Data excerpts
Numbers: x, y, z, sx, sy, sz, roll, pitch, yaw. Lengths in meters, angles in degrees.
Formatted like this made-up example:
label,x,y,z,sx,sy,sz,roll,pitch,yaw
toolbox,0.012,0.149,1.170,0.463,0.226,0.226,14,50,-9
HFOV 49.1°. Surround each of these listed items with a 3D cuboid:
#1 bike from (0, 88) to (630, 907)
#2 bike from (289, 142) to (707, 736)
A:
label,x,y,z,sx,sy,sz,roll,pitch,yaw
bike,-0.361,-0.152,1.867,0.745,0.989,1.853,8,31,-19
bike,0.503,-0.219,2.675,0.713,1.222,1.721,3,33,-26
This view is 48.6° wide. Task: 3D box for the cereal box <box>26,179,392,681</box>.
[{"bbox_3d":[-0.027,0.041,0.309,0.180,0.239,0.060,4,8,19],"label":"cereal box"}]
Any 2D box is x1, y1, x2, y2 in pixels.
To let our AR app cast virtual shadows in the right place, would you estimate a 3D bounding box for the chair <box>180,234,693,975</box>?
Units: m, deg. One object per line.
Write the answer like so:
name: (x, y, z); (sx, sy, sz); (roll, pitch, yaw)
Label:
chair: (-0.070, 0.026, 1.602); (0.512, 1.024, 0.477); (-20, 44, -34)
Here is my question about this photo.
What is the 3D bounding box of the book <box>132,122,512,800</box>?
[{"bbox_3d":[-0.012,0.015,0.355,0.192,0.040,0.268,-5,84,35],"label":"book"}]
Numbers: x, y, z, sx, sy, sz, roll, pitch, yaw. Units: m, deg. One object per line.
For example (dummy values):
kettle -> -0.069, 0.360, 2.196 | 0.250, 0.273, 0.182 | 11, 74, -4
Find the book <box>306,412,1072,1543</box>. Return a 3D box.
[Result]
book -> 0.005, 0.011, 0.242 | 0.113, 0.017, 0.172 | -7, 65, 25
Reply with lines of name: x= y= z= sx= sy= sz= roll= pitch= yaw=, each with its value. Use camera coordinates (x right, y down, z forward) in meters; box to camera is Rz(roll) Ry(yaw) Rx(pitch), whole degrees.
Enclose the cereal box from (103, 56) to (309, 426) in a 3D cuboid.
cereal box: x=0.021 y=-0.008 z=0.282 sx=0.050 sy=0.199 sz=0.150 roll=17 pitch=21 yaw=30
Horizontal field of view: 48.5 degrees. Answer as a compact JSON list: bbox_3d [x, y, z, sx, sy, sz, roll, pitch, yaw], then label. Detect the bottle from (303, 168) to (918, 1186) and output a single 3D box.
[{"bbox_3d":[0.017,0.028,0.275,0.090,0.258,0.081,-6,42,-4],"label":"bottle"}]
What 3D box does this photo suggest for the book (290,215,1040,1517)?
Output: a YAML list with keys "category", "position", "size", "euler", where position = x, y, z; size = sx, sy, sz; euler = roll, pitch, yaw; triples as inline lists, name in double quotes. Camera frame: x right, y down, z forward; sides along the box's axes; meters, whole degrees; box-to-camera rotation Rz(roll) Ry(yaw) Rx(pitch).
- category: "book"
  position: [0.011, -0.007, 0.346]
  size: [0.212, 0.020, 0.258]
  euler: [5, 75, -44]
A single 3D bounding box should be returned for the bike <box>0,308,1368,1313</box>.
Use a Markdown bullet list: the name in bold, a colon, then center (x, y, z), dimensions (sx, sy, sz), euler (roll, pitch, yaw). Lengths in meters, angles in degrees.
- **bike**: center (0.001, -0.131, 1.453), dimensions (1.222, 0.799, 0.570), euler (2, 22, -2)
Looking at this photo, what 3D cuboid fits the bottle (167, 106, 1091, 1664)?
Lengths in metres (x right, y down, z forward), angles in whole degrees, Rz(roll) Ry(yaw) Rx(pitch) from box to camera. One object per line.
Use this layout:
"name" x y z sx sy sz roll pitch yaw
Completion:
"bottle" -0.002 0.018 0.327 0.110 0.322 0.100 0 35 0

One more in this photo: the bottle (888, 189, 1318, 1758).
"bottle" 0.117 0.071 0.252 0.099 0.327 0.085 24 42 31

About this task:
The answer must be a verbatim transcription of all the entries.

Reply to the exercise:
Numbers: x, y, z, sx, sy, sz, roll, pitch, yaw. Lengths in meters, angles in degrees.
Formatted like this made-up example:
label,x,y,z,sx,sy,sz,roll,pitch,yaw
toolbox,0.012,0.149,1.170,0.463,0.226,0.226,14,50,-9
HFOV 49.1°. Surround each of these listed items with a 3D cuboid:
#1 bike from (0, 88) to (630, 907)
#2 bike from (289, 142) to (707, 736)
A:
label,x,y,z,sx,sy,sz,roll,pitch,yaw
bike,-0.361,-0.152,1.867,0.745,0.989,1.853,8,31,-19
bike,0.503,-0.219,2.675,0.713,1.222,1.721,3,33,-26
This view is 48.6° wide. Task: 3D box for the cereal box <box>26,179,392,681</box>.
[{"bbox_3d":[-0.027,0.041,0.309,0.180,0.239,0.060,4,8,19],"label":"cereal box"}]
Any 2D box is x1, y1, x2, y2 in pixels.
To let our AR app cast virtual shadows in the right place, would you estimate a 3D bounding box for the chair <box>180,234,693,975</box>?
Units: m, deg. One object per line.
Write the answer like so:
name: (x, y, z); (sx, sy, sz); (roll, pitch, yaw)
Label:
chair: (-0.070, 0.026, 1.602); (0.512, 1.024, 0.477); (-20, 44, -34)
Here is my question about this photo.
What is the 3D bounding box of the book <box>132,122,512,800</box>?
[{"bbox_3d":[-0.012,0.015,0.355,0.192,0.040,0.268,-5,84,35],"label":"book"}]
Numbers: x, y, z, sx, sy, sz, roll, pitch, yaw. Units: m, deg. One object per line.
For example (dummy values):
kettle -> -0.069, 0.360, 2.196 | 0.250, 0.273, 0.182 | 11, 74, -4
Find the book <box>306,412,1072,1543</box>. Return a 3D box.
[Result]
book -> 0.005, 0.011, 0.242 | 0.113, 0.017, 0.172 | -7, 65, 25
Reply with lines of name: x= y= z= sx= sy= sz= roll= pitch= yaw=, each with its value. Use camera coordinates (x right, y down, z forward) in meters; box to camera is Rz(roll) Ry(yaw) Rx(pitch), whole degrees.
Enclose the cereal box from (103, 56) to (309, 426) in a 3D cuboid.
cereal box: x=0.021 y=-0.008 z=0.282 sx=0.050 sy=0.199 sz=0.150 roll=17 pitch=21 yaw=30
Horizontal field of view: 48.5 degrees. Answer as a compact JSON list: bbox_3d [x, y, z, sx, sy, sz, roll, pitch, yaw], then label. Detect the bottle from (303, 168) to (918, 1186) and output a single 3D box.
[{"bbox_3d":[0.017,0.028,0.275,0.090,0.258,0.081,-6,42,-4],"label":"bottle"}]
What 3D box does this photo suggest for the book (290,215,1040,1517)?
Output: a YAML list with keys "category", "position", "size", "euler", where position = x, y, z; size = sx, sy, sz; euler = roll, pitch, yaw; triples as inline lists, name in double quotes. Camera frame: x right, y down, z forward; sides along the box's axes; meters, whole degrees; box-to-camera rotation Rz(roll) Ry(yaw) Rx(pitch).
- category: "book"
  position: [0.011, -0.007, 0.346]
  size: [0.212, 0.020, 0.258]
  euler: [5, 75, -44]
A single 3D bounding box should be returned for the bike <box>0,308,1368,1313</box>.
Use a Markdown bullet list: the name in bold, a colon, then center (x, y, z), dimensions (sx, sy, sz), euler (roll, pitch, yaw). Lengths in meters, angles in degrees.
- **bike**: center (0.001, -0.131, 1.453), dimensions (1.222, 0.799, 0.570), euler (2, 22, -2)
Looking at this photo, what 3D cuboid fits the bottle (167, 106, 1091, 1664)?
Lengths in metres (x right, y down, z forward), angles in whole degrees, Rz(roll) Ry(yaw) Rx(pitch) from box to camera. One object per line.
Use this layout:
"name" x y z sx sy sz roll pitch yaw
Completion:
"bottle" -0.002 0.018 0.327 0.110 0.322 0.100 0 35 0

One more in this photo: the bottle (888, 189, 1318, 1758).
"bottle" 0.117 0.071 0.252 0.099 0.327 0.085 24 42 31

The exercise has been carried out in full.